A recent Chronicle article discusses age and teaching through the lens of a magazine article called “Confessions of a formerly hot woman.” The author does a really nice job of pointing out how problematic associations between bodies and knowledge nevertheless manifest in very real ways in the classroom. A single pedagogy may not work forever; pedagogy must shift along with teacher embodiment.
“… in recent years, as I have moved into middle age, the concept of the “formerly hot woman” has returned to me in a different manifestation, one related to my professional identity as a professor of English. . . . students are beginning to react differently to my pedagogical and advising strategies . . .”

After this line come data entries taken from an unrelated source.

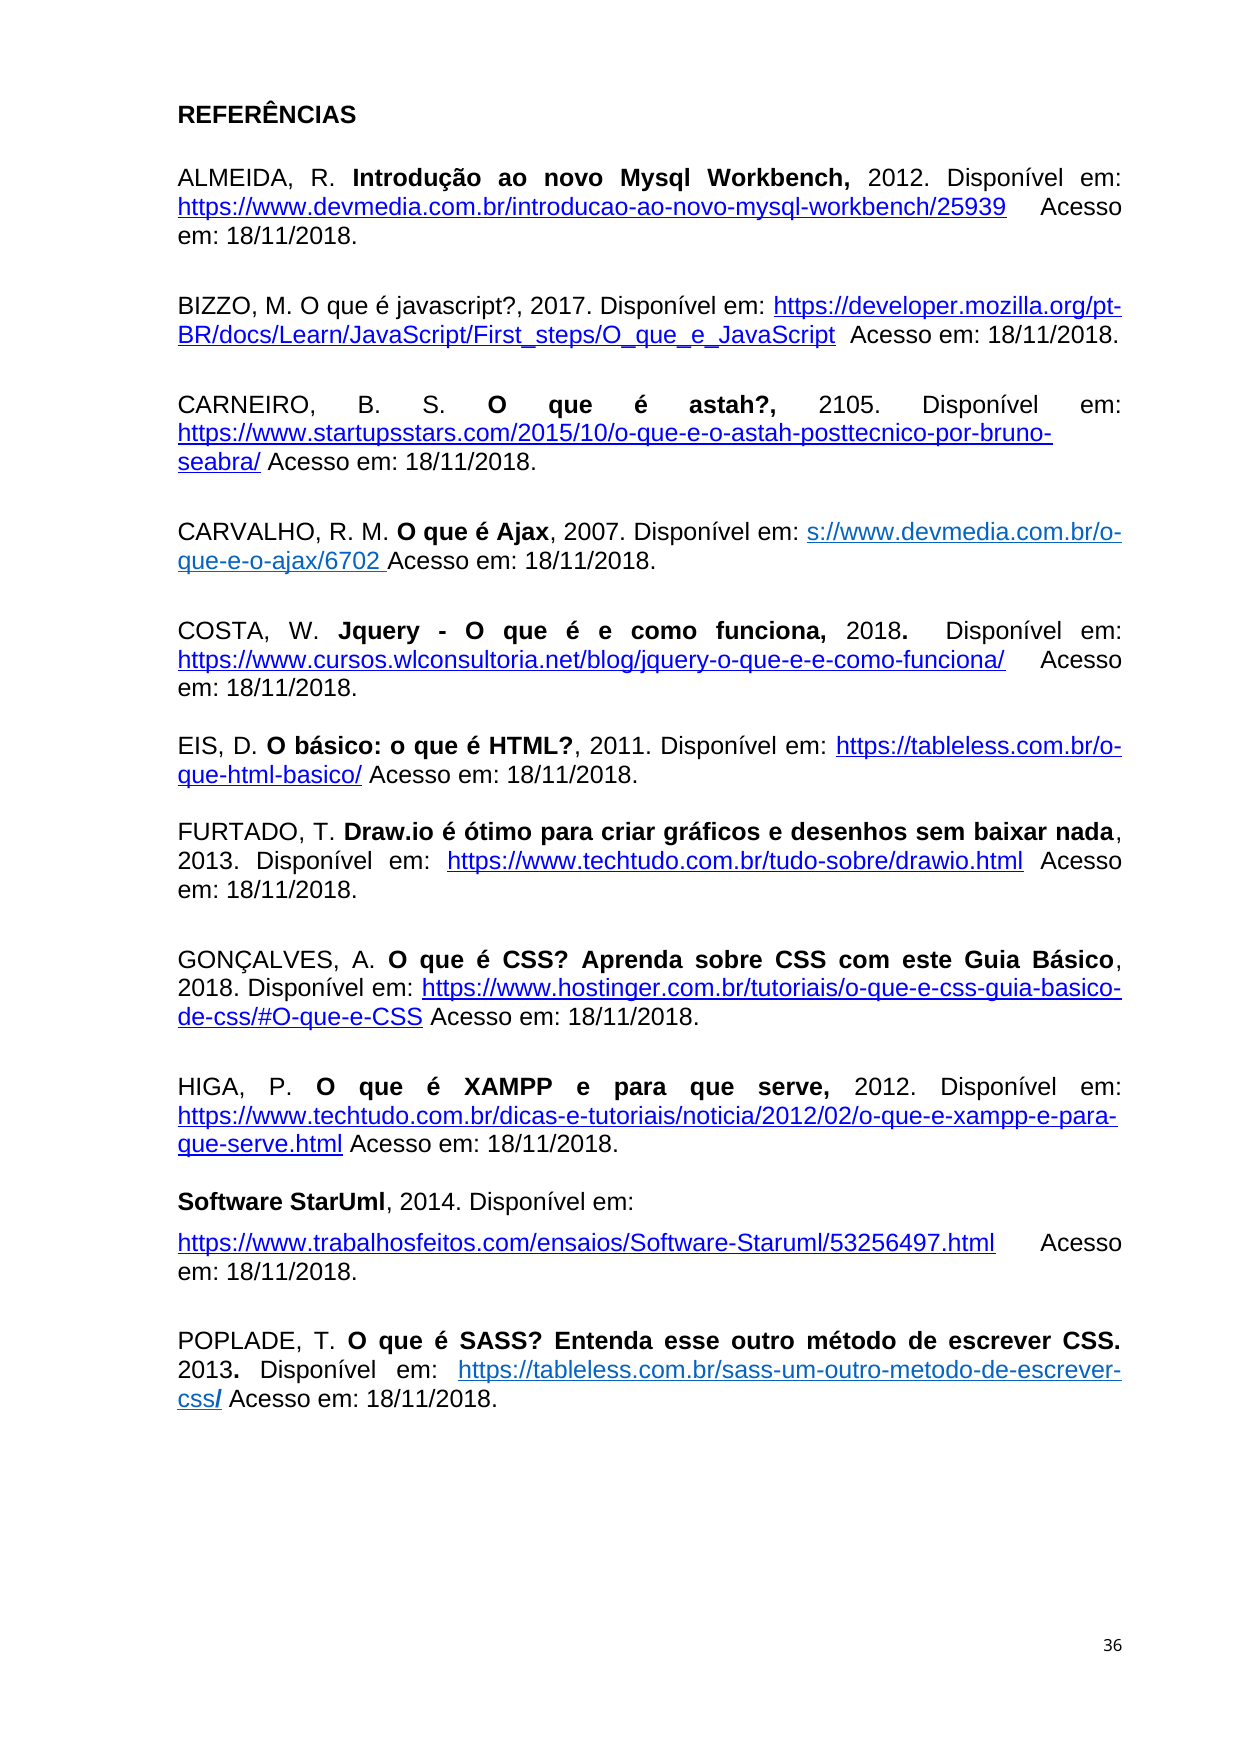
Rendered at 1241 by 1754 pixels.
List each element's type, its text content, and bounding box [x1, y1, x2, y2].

subtitle REFERÊNCIAS [177, 100, 1122, 129]
text COSTA, W. Jquery - O que é e como funciona, 2018. Disponível em: https://www.cursos.wlconsultoria.net/blog/jquery-o-que-e-e-como-funciona/ Acesso em: 18/11/2018. [177, 616, 1122, 702]
text FURTADO, T. Draw.io é ótimo para criar gráficos e desenhos sem baixar nada, 2013. Disponível em: https://www.techtudo.com.br/tudo-sobre/drawio.html Acesso em: 18/11/2018. [177, 817, 1122, 903]
text POPLADE, T. O que é SASS? Entenda esse outro método de escrever CSS. 2013. Disponível em: https://tableless.com.br/sass-um-outro-metodo-de-escrever-css/ Acesso em: 18/11/2018. [177, 1326, 1122, 1412]
text GONÇALVES, A. O que é CSS? Aprenda sobre CSS com este Guia Básico, 2018. Disponível em: https://www.hostinger.com.br/tutoriais/o-que-e-css-guia-basico-de-css/#O-que-e-CSS Acesso em: 18/11/2018. [177, 945, 1122, 1031]
text CARNEIRO, B. S. O que é astah?, 2105. Disponível em: https://www.startupsstars.com/2015/10/o-que-e-o-astah-posttecnico-por-bruno-seabra/ Acesso em: 18/11/2018. [177, 390, 1122, 476]
text https://www.trabalhosfeitos.com/ensaios/Software-Staruml/53256497.html Acesso em: 18/11/2018. [177, 1228, 1122, 1285]
text BIZZO, M. O que é javascript?, 2017. Disponível em: https://developer.mozilla.org/pt-BR/docs/Learn/JavaScript/First_steps/O_que_e_JavaScript Acesso em: 18/11/2018. [177, 291, 1122, 348]
text ALMEIDA, R. Introdução ao novo Mysql Workbench, 2012. Disponível em: https://www.devmedia.com.br/introducao-ao-novo-mysql-workbench/25939 Acesso em: 18/11/2018. [177, 163, 1122, 250]
text Software StarUml, 2014. Disponível em: [177, 1187, 1122, 1215]
text CARVALHO, R. M. O que é Ajax, 2007. Disponível em: s://www.devmedia.com.br/o-que-e-o-ajax/6702 Acesso em: 18/11/2018. [177, 517, 1122, 575]
text EIS, D. O básico: o que é HTML?, 2011. Disponível em: https://tableless.com.br/o-que-html-basico/ Acesso em: 18/11/2018. [177, 731, 1122, 788]
text HIGA, P. O que é XAMPP e para que serve, 2012. Disponível em: https://www.techtudo.com.br/dicas-e-tutoriais/noticia/2012/02/o-que-e-xampp-e-para-que-serve.html Acesso em: 18/11/2018. [177, 1072, 1122, 1158]

I find this fascinating, and a little troubling. Moreover, I’m a bit appalled at the lack of research in this area. (Maybe I’m using the wrong search terms.) Aside from this Chronicle piece, my initial searches have turned up only one relevant article on how pedagogy might change as teachers age. Everything else is focused on the age of learners, or turns up sources about the information/digital/internet “age.” The one piece I did find–an article from the journal Feminist Teacher–introduces some fairly insulting stereotypes about female teachers of reproductive age. I refuse to believe that the only way we can value the teaching of older women is by denigrating that of their younger counterparts, and thus I’m left with very little in the way of resources to think about how pedagogy changes with age. Perhaps this is an important direction for future research on teaching and embodiment.